I felt these dangers had been value taking and added the inventory to my Self-Invested Private Pension (SIPP) a few years in the past, and it’s paying off properly. However ought to revenue seekers take into account shopping for the wealth supervisor at the moment?

Market-beating revenue

Wednesday’s (3 September) first-half outcomes had been stable sufficient. Adjusted working revenue earlier than tax climbed simply £3m to £375m, following an £8m overseas trade loss in its asset administration arm. Extra encouragingly, adjusted revenue after tax jumped to £248m, an enormous enchancment on the £56m loss posted beforehand. That was partly on account of technical accounting changes. The group additionally reported robust web inflows, suggesting prospects nonetheless belief lively fund managers with their cash.

Over the previous 12 months the share value has risen 22%, and it’s up round 60% over 5 years. That’s not unhealthy development from a inventory most will most likely be for revenue. Dividends are on prime of that. With a ahead price-to-earnings ratio of simply 10.25, the valuation nonetheless seems to be cheap.

Shareholder payouts

If an investor put £2,000 into the inventory at at the moment’s value of 261.8p, they’d get round 763 shares after prices. In 2025, analysts anticipate M&G to pay a dividend per share of 20.6p. That might give them £157 in dividend revenue over the 12 months.

In the event that they reinvested that revenue again into the inventory to choose up extra shares at roughly at the moment’s value, they’d bag one other 60. That might elevate their holding to 823 shares. In 2026, with the dividend per share anticipated to rise to 21.1p, they’d acquire round £173 on prime of that.

This provides traders a double revenue enhance. The dividend per share rises, however so does the variety of shares held, due to reinvesting.
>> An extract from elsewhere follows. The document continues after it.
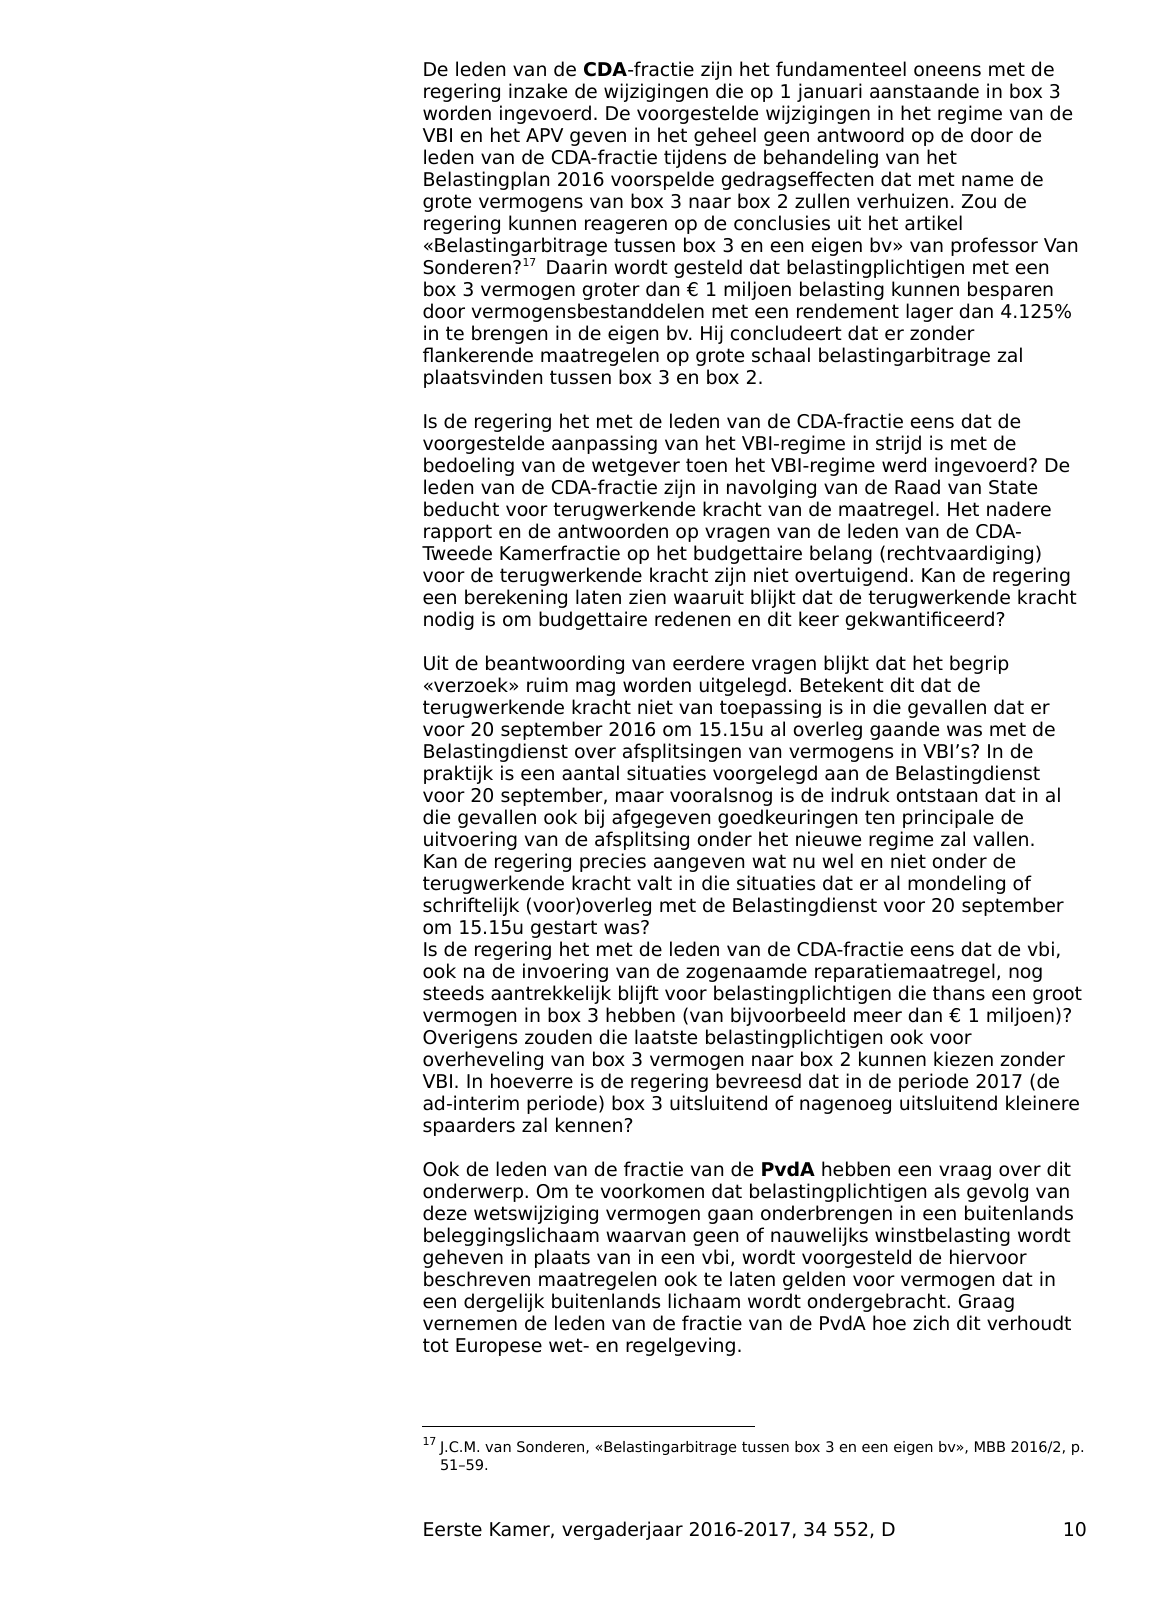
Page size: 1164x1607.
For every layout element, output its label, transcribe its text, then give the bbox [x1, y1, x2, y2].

It’s a easy demonstration of the thrill of compound returns from FTSE 100 revenue shares.

Funding dangers

No dividend is assured, and M&G isn’t with out its challenges. Web fund outflows hit £1.9bn final 12 months as jittery traders pulled money, and one other market sell-off might dent property underneath administration. Rising market volatility is at all times a hazard, and shareholder payouts might come underneath strain if money flows slip. Dividend development can also be anticipated to be modest, with dividends forecast to rise simply 2% a 12 months, which in actual phrases lags inflation.

Nonetheless, I believe M&G is a stable revenue play. Its solvency ratio of 223% reveals monetary resilience, and administration’s expectation of £2.7bn of working capital technology over the subsequent three years provides it scope to take care of dividends. I reckon M&G is properly value contemplating shopping for for long-term traders searching for excessive revenue and with luck, some capital development too.